Some sequences, because of their ability to acquire a secondary structure can lead to different kinds of mutations. Mutations such as: expansion (dynamic mutation), chromosomal aberration (e.g. deletion of a dystal end of chromosome 11), deletions and insertions (mutational hotstpots) are connected to changes in the DNA structure.

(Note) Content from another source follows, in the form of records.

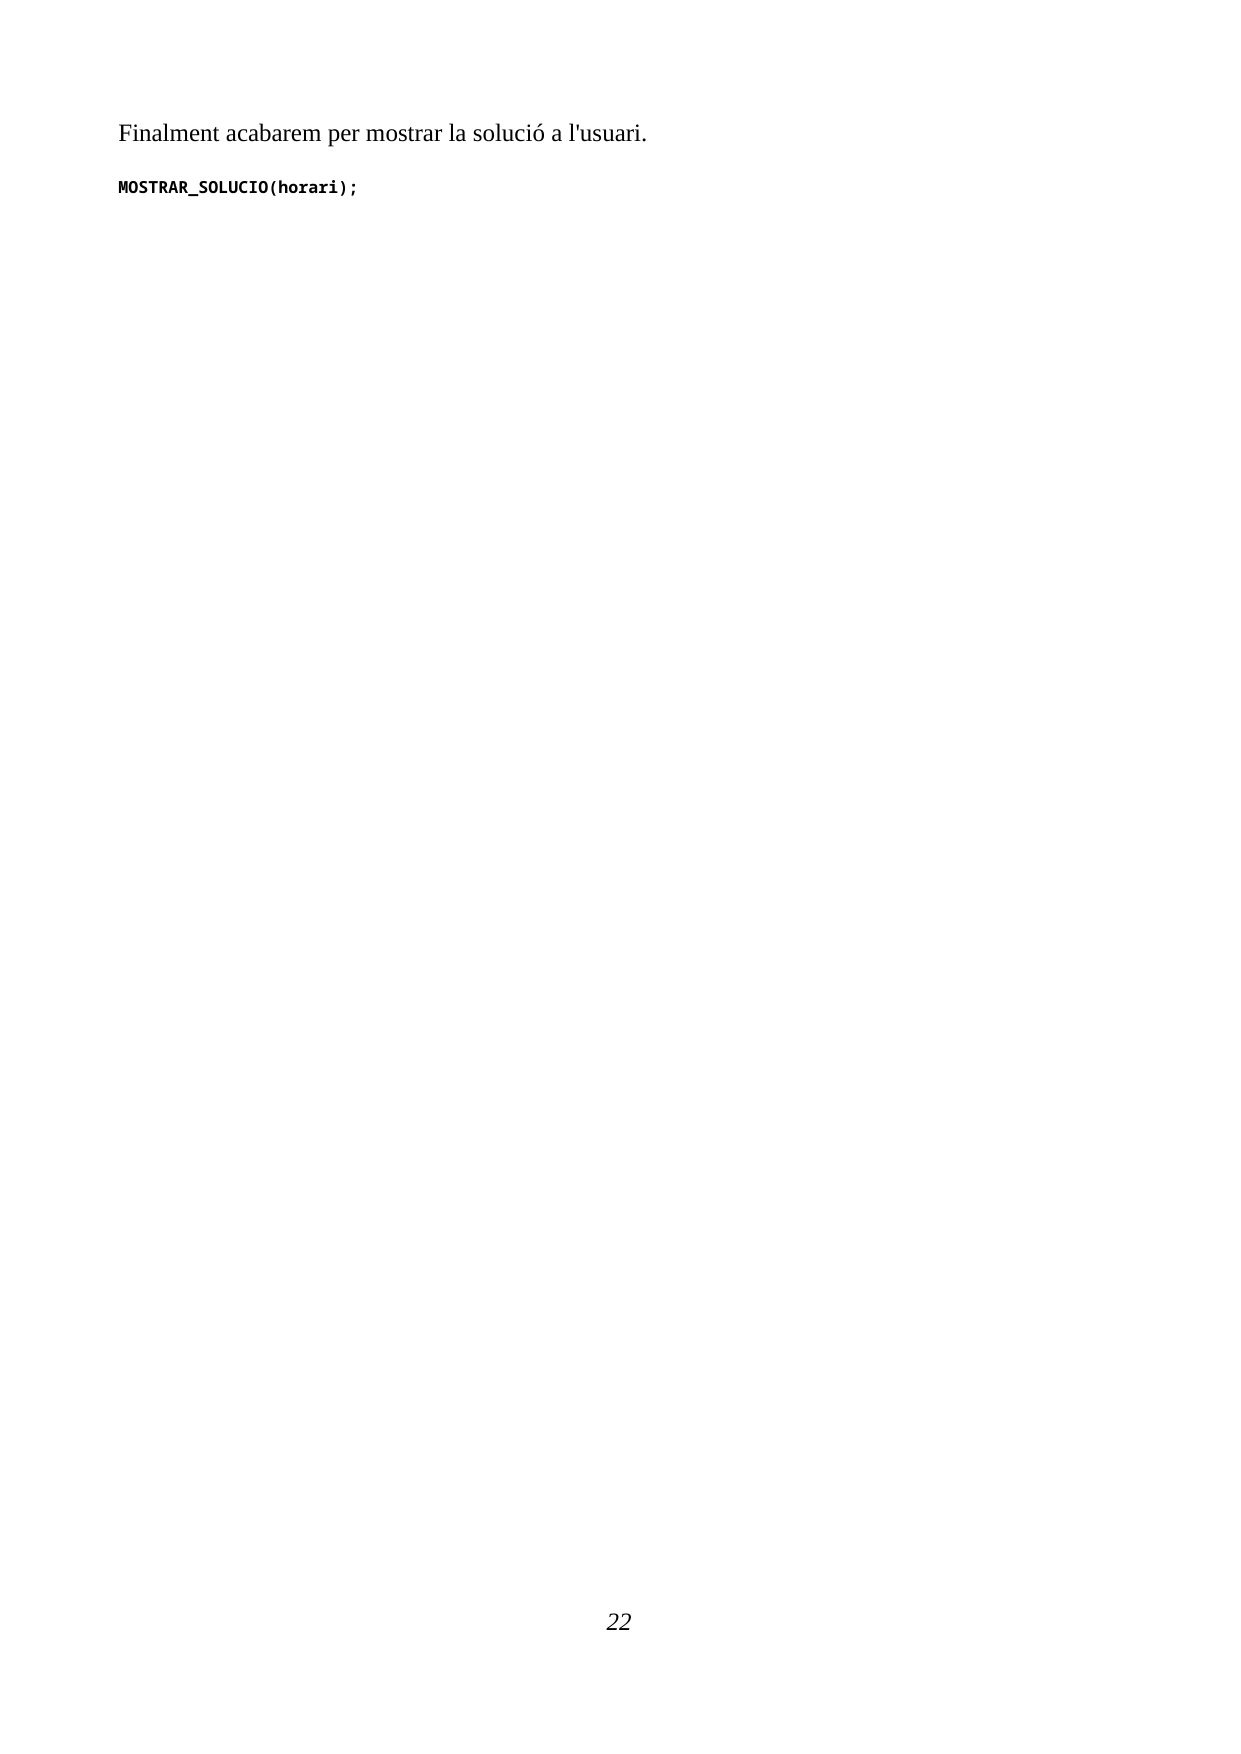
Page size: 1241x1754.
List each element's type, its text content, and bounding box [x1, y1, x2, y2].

text MOSTRAR_SOLUCIO(horari); [118, 176, 1122, 198]
text Finalment acabarem per mostrar la solució a l'usuari. [118, 118, 1122, 147]
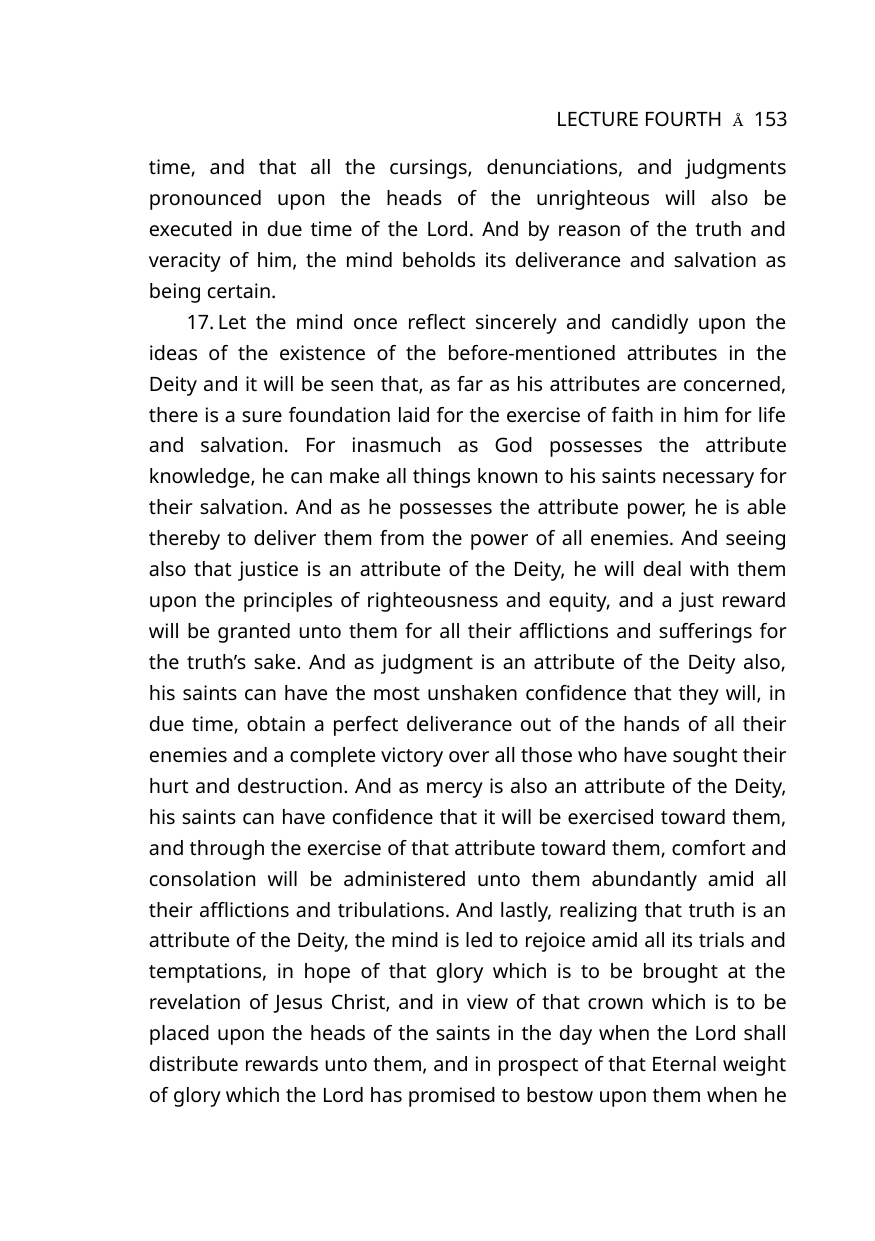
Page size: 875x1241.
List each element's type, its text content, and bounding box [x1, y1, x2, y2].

text time, and that all the cursings, denunciations, and judgments pronounced upon the heads of the unrighteous will also be executed in due time of the Lord. And by reason of the truth and veracity of him, the mind beholds its deliverance and salvation as being certain. [149, 153, 787, 304]
text 17. Let the mind once reflect sincerely and candidly upon the ideas of the existence of the before-mentioned attributes in the Deity and it will be seen that, as far as his attributes are concerned, there is a sure foundation laid for the exercise of faith in him for life and salvation. For inasmuch as God possesses the attribute knowledge, he can make all things known to his saints necessary for their salvation. And as he possesses the attribute power, he is able thereby to deliver them from the power of all enemies. And seeing also that justice is an attribute of the Deity, he will deal with them upon the principles of righteousness and equity, and a just reward will be granted unto them for all their afflictions and sufferings for the truth’s sake. And as judgment is an attribute of the Deity also, his saints can have the most unshaken confidence that they will, in due time, obtain a perfect deliverance out of the hands of all their enemies and a complete victory over all those who have sought their hurt and destruction. And as mercy is also an attribute of the Deity, his saints can have confidence that it will be exercised toward them, and through the exercise of that attribute toward them, comfort and consolation will be administered unto them abundantly amid all their afflictions and tribulations. And lastly, realizing that truth is an attribute of the Deity, the mind is led to rejoice amid all its trials and temptations, in hope of that glory which is to be brought at the revelation of Jesus Christ, and in view of that crown which is to be placed upon the heads of the saints in the day when the Lord shall distribute rewards unto them, and in prospect of that Eternal weight of glory which the Lord has promised to bestow upon them when he [149, 308, 787, 1108]

Sequences with tandem repeats of trinucleotide motive can undergo expansion because of their ability to form a secondary structure known as a hairpin. If the new synthesised strand gets slipped on the matrix and folds into a hairpin a fragment of the matrix will be replicated twice leading to extension of this sequence. The same mechanism may lead to deletion from the repeated region. The difference lies in the location of the hairpin; if it is formed on the leading strand we can observe deletion and if on the lagging strand we are dealing with expansion. Trinucleotide repeats known to undergo such changes are regarded as a cause of many neurodegenerative diseases such as fragile X, Kennedy’s disease or miotonic dystrophy.
Expansion of the CGG element contributes to breakage in the chromosome 11, resulting in Jacobsen disease. It can be postulated that such a sequence forms a secondary structure (kind of Z-DNA?) which prevents establishing assemblies with nucleosomes and thus is the main cause of this mutation.
Many sites in human genome is more than the others susceptible to mutations such as deletions and insertions (hotspots). These regions usually contain palindromic sequences capable of folding into hairpins, which can be cut out of the DNA strand (deletion) or be subject to double replication (insertion).